■ **Exercise goal**
Beginning with the line that holds "Do the same for the small box (929,400,1126,583)." and ending with the last line below, repeat each line exactly, leaving any pictures out.

[Available records — start]

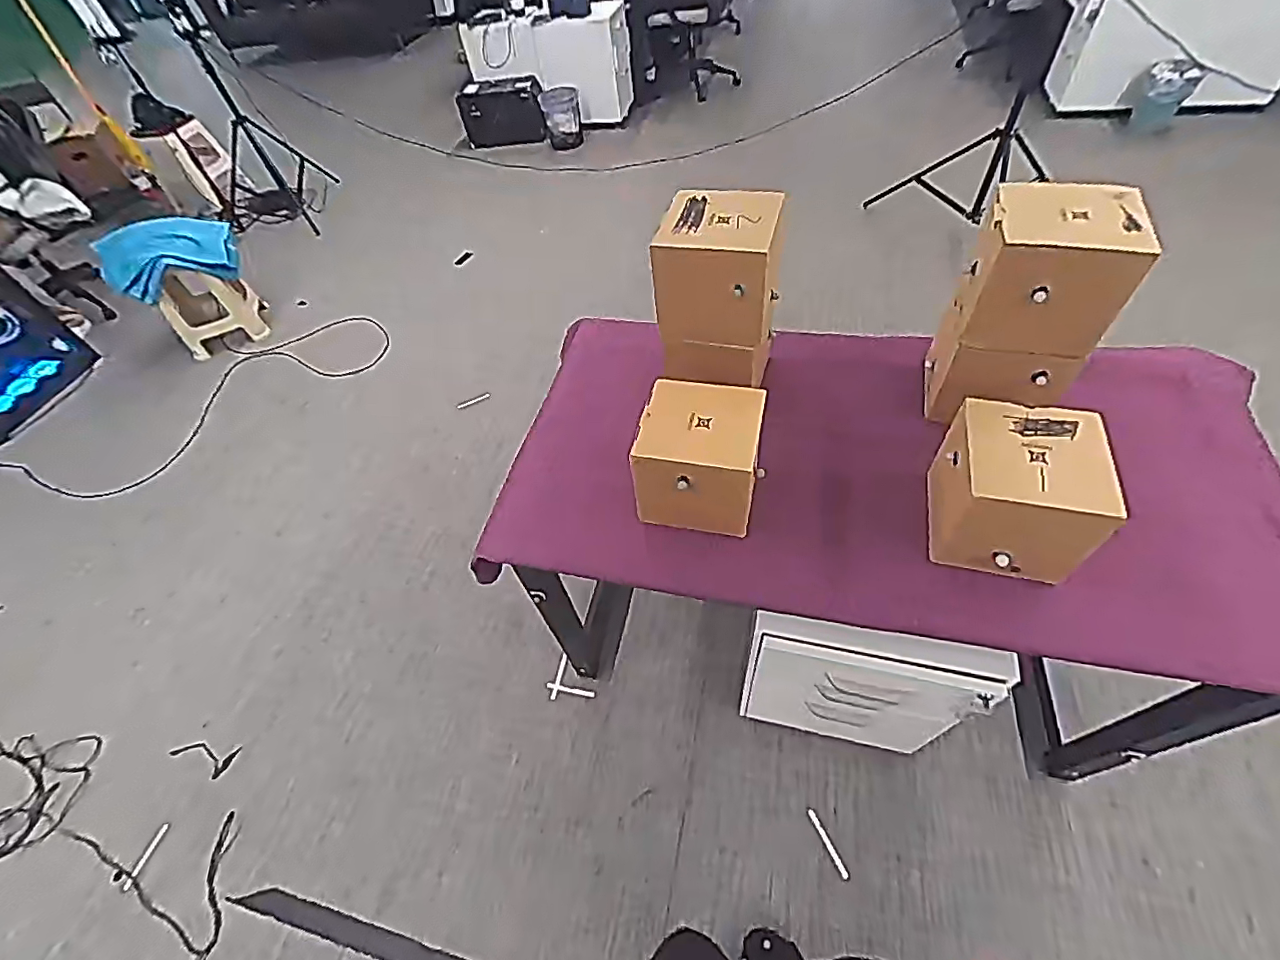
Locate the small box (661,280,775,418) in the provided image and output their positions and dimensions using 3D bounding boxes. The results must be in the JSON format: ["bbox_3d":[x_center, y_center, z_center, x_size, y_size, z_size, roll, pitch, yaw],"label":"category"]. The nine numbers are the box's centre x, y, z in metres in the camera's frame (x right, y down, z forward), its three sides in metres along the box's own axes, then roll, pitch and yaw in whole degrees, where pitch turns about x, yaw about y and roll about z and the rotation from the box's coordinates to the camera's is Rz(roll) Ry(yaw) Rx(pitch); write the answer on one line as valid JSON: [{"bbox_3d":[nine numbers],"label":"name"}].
[{"bbox_3d":[0.148,-0.245,1.009,0.168,0.176,0.179,11,57,17],"label":"small box"}]

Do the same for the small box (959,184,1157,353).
[{"bbox_3d":[0.582,-0.304,0.785,0.179,0.176,0.168,11,56,17],"label":"small box"}]

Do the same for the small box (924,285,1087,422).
[{"bbox_3d":[0.601,-0.204,0.914,0.179,0.176,0.168,10,55,15],"label":"small box"}]

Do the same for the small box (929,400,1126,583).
[{"bbox_3d":[0.517,0.016,0.756,0.168,0.176,0.179,9,54,15],"label":"small box"}]
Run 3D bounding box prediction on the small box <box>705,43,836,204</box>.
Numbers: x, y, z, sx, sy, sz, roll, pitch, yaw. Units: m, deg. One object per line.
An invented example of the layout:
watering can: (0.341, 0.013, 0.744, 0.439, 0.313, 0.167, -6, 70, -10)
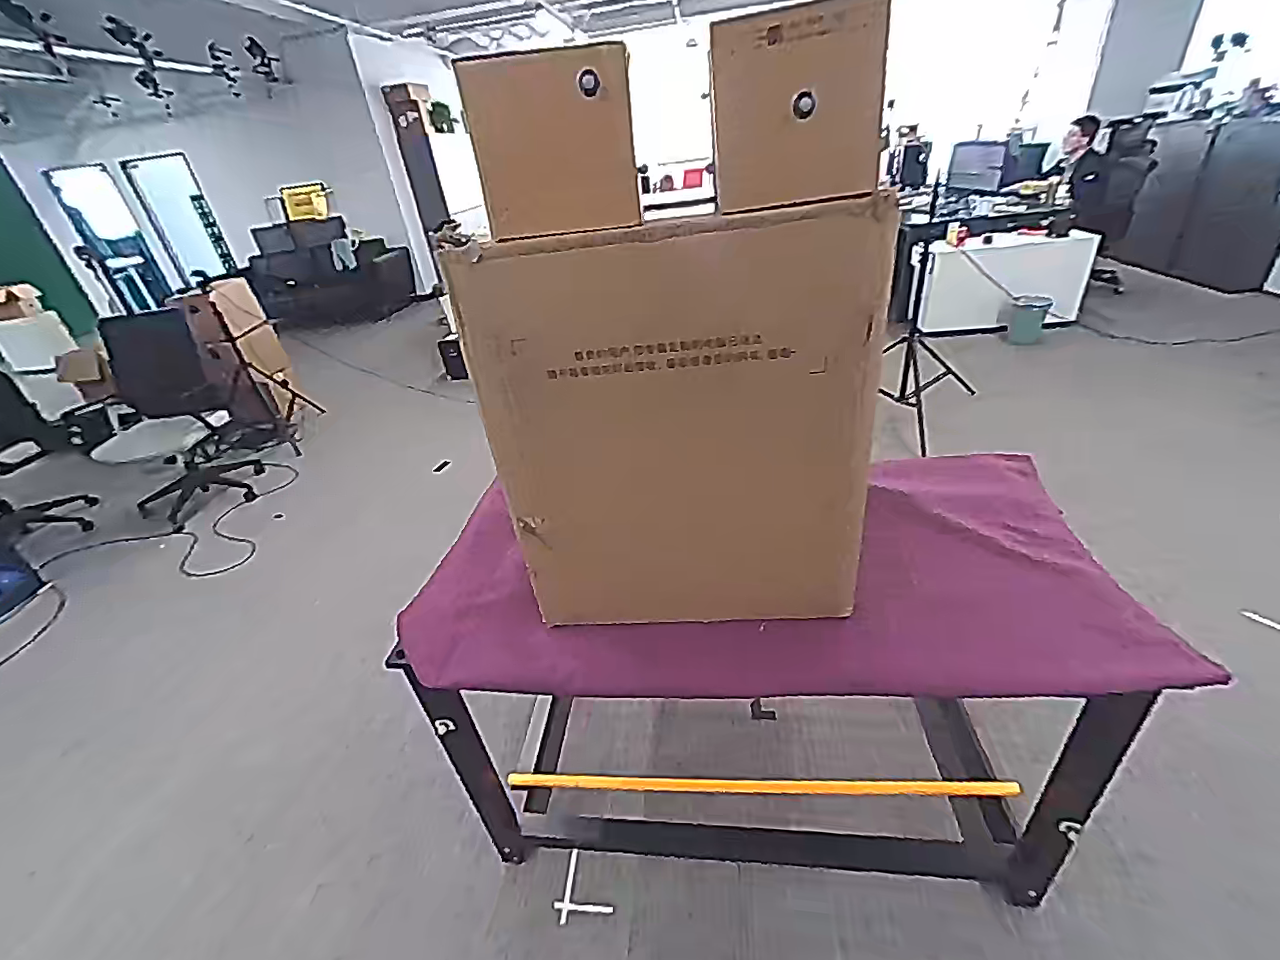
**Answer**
small box: (0.183, -0.510, 0.794, 0.168, 0.176, 0.179, -3, 31, 10)
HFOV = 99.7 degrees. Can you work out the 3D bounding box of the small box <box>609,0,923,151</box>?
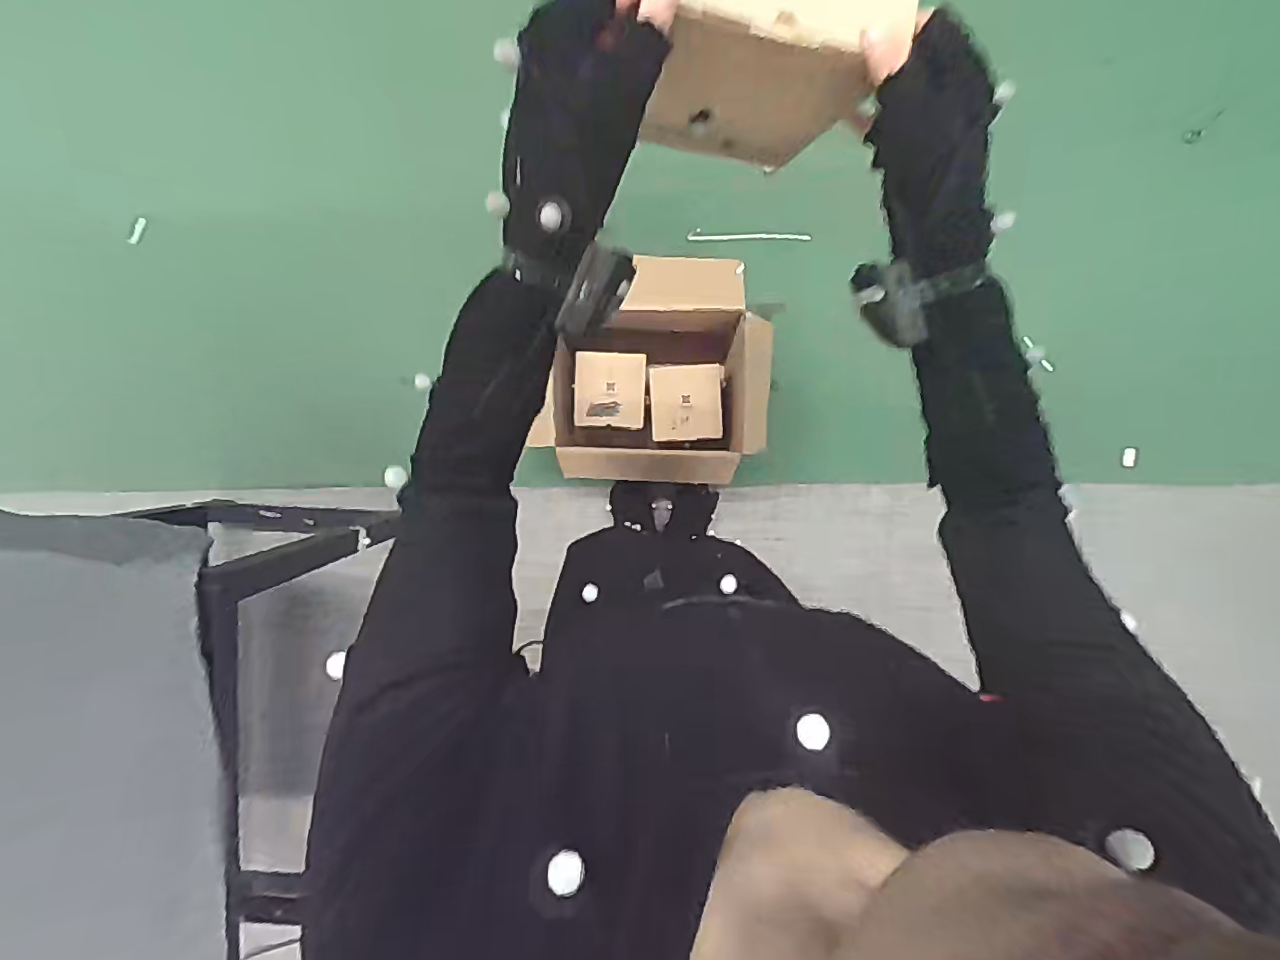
[{"bbox_3d":[0.075,-0.362,0.367,0.168,0.176,0.179,2,100,-13],"label":"small box"}]

[Available records — finish]

■ **Task solution**
Do the same for the small box (929,400,1126,583).
[{"bbox_3d":[0.517,0.016,0.756,0.168,0.176,0.179,9,54,15],"label":"small box"}]
Run 3D bounding box prediction on the small box <box>705,43,836,204</box>.
Numbers: x, y, z, sx, sy, sz, roll, pitch, yaw. Units: m, deg. One object per line.
An invented example of the layout:
watering can: (0.341, 0.013, 0.744, 0.439, 0.313, 0.167, -6, 70, -10)
**Answer**
small box: (0.183, -0.510, 0.794, 0.168, 0.176, 0.179, -3, 31, 10)
HFOV = 99.7 degrees. Can you work out the 3D bounding box of the small box <box>609,0,923,151</box>?
[{"bbox_3d":[0.075,-0.362,0.367,0.168,0.176,0.179,2,100,-13],"label":"small box"}]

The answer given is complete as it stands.